Like already mentioned, Luxtronik exposes it's metrics in a very weird way, including units and language-specific tings in the metric values. To address this, the following seemed reasonable:

To mutate the data, filters are used. A filter is a pair of regex (for matching) and a GoLang `text/template` for mutating the result. Consider the following example:

```yaml

  - match:

      value: Ein|Aus

    set:

      value: '{{$v := "-1"}} {{if (eq . "Ein")}} {{$v = "1"}} {{else}} {{$v = "0"}} {{end}} {{$d := dict "value" $v}} {{toJson $d}}'

      key: '{{if regexMatch "_state" . }} {{.}} {{else}} {{.}}_state {{end}}'

```

Whenever a message comes in, the regular expression defined in match is evaluated, in this case on the value (The key is the name of the metric, the value the actual data). In this case, a value of either `Ein` or `Aus` will trigger this filter.  

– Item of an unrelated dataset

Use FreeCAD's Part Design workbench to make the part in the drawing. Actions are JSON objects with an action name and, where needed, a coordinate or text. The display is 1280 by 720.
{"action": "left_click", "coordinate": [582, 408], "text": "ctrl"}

If the regex matches, the templates defined in set are evaluated.

* `value`: Allows overriding the value of the metric. In this case, if the value equals `Ein` it becomes `1`, or else if it equals `Aus` it will be `0` (Representation of a `bool` in Prometheus). In case it is neither `Ein` nor `Aus` (which cannot happen, but still), the value becomes the invalid `-1`.

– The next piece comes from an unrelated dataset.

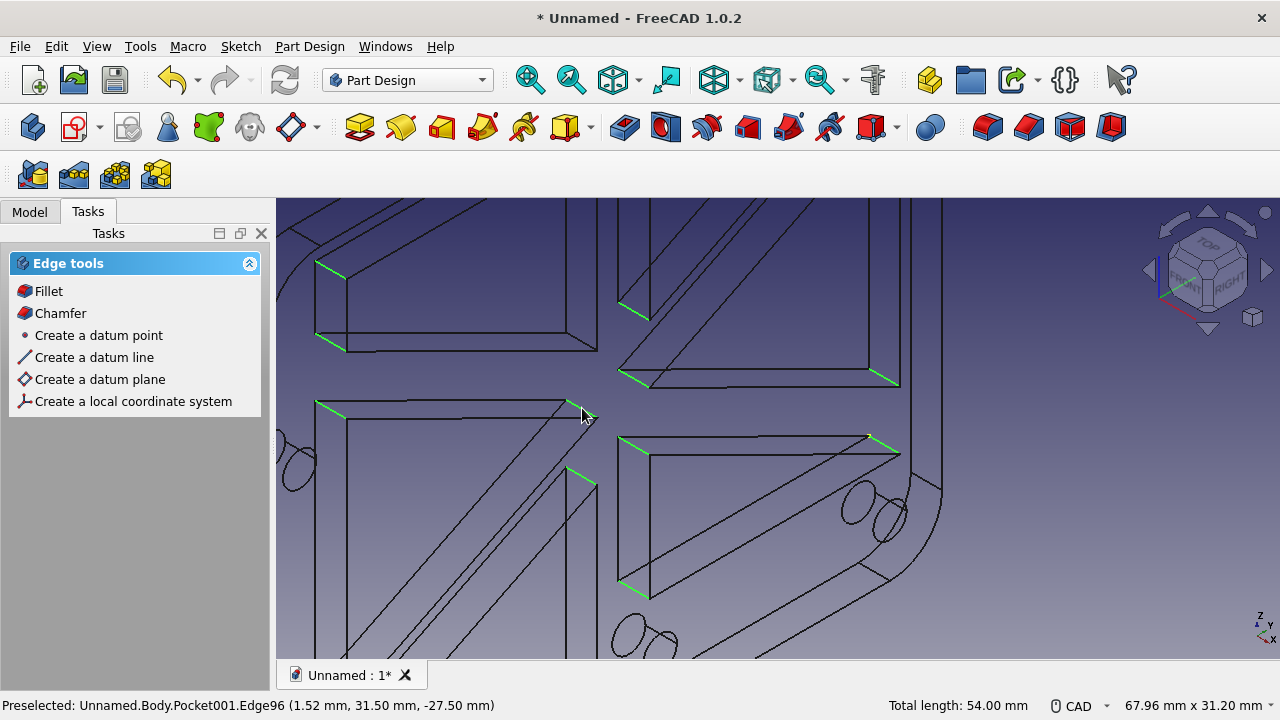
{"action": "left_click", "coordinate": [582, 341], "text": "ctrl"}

* `key`: The same as value, allows overriding, but this time the key. In this case, the literal `_state` is appended to the key to note it now holds a boolean.

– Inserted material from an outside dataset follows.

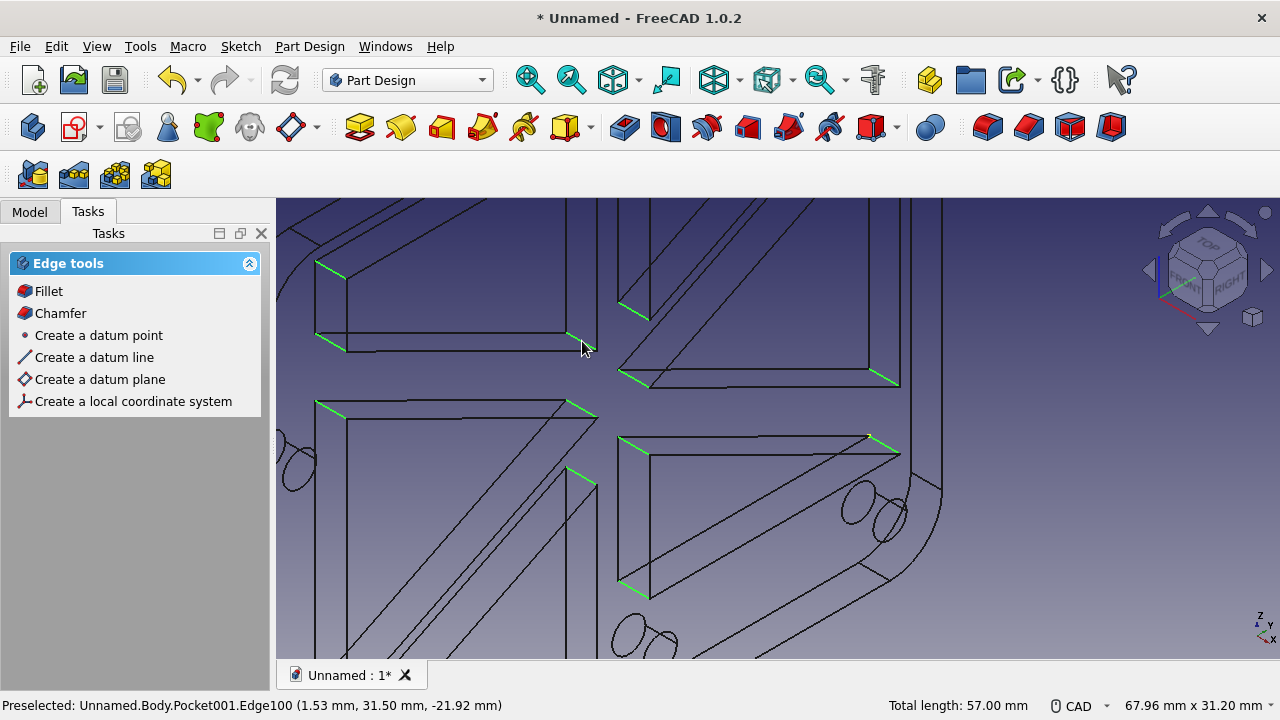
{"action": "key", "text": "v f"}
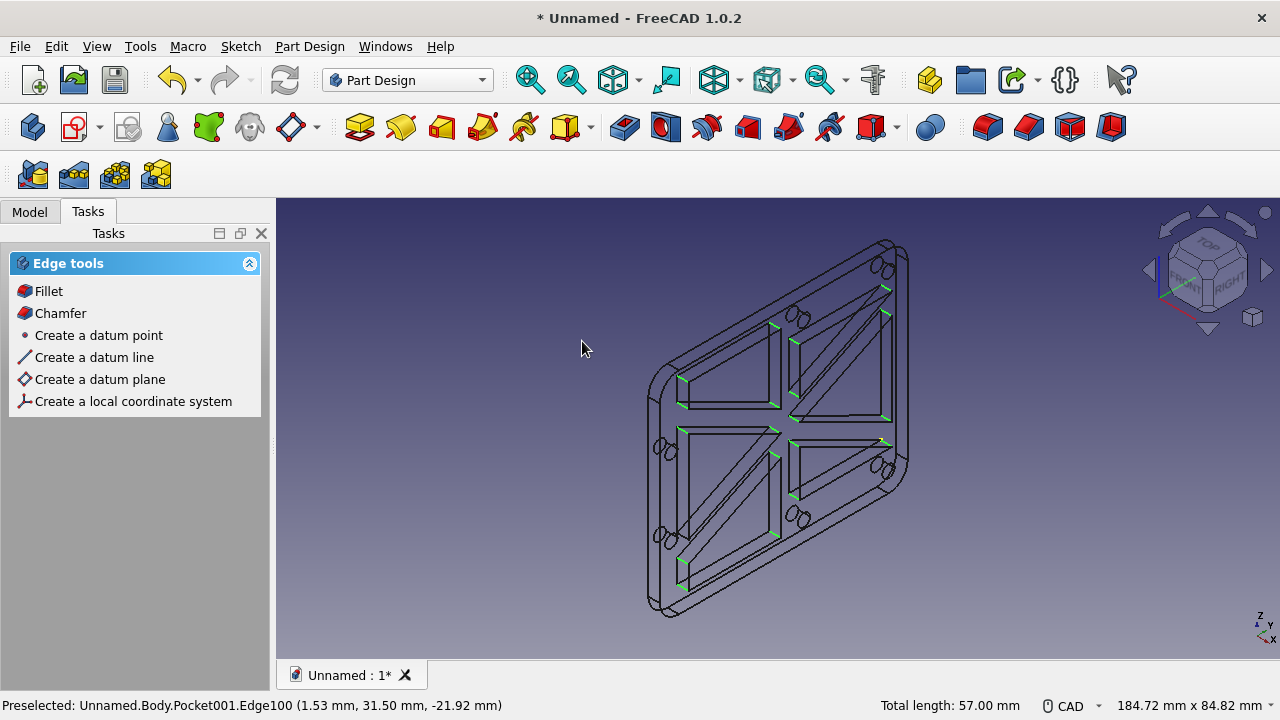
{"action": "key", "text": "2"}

The configuration file `lux.yml` already contains a default set of filters, suitable for the default deployment in Germany **(!)**, it might need adaptions for other locales. PR's are welcome.

## Configuration

**Consider `lux.yml` for the latest configuration options!**

Example:

```yaml

address: 192.168.1.100

verbose: false

mutes:

  - domain: "ablaufzeiten"

    field: "wp-seit|ssp-zeit"

filters:

  # Make bools to bools

  - match:

      value: Ein|Aus

    set:

      value: '{{$v := "-1"}} {{if (eq . "Ein")}} {{$v = "1"}} {{else}} {{$v = "0"}} {{end}} {{$d := di

ct "value" $v}} {{toJson $d}}'

      key: '{{if regexMatch "_state" . }} {{.}} {{else}} {{.}}_state {{end}}'

```

| Key       | Purpose                                                      | Example                                            |

|-----------|--------------------------------------------------------------|----------------------------------------------------|

| `address` | IP or hostname of the heatpump                               | `192.168.1.100`                                    |

| `verbose` | Debug logging                                                | `true` / `false`                                   |

| `mutes`   | Array of metrics to be excluded from logs (reduce verbosity) | `[{"domain": "ablaufzeiten", "field": "wp-seit"}]` |

| `filters` | Array of filters                                             | See above                                          |

## Security

Using this piece of software, it is quite simple to make `luxtronik2` secure:

1. Prevent access to the "real" luxtronik for all but a single host

    1. using a firewall (pfSense, iptables, etc.)

    2. using any single-purpose computer (e.g. Raspberry Pi): Connect the heatpump directly to the Ethernet port of the Pi and set up static IP's on both devices. The heatpump is only available on the Pi now.

2. Run this exporter on the single host that has access

3. Voila! No secrets to be leaked, only a single HTTP endpoint with the metrics, ready to be scraped!

4. *Optional:* If needed, a reverse proxy (e.g. `nginx`) could be used to setup authentication in a secure manner and especially encryption using `TLS`-termination

This setup is secure by design, as it has a nearly no attack vector when used with `TLS`. Furthermore, it only uses widely trusted, standard protocols (`HTTP(s)`).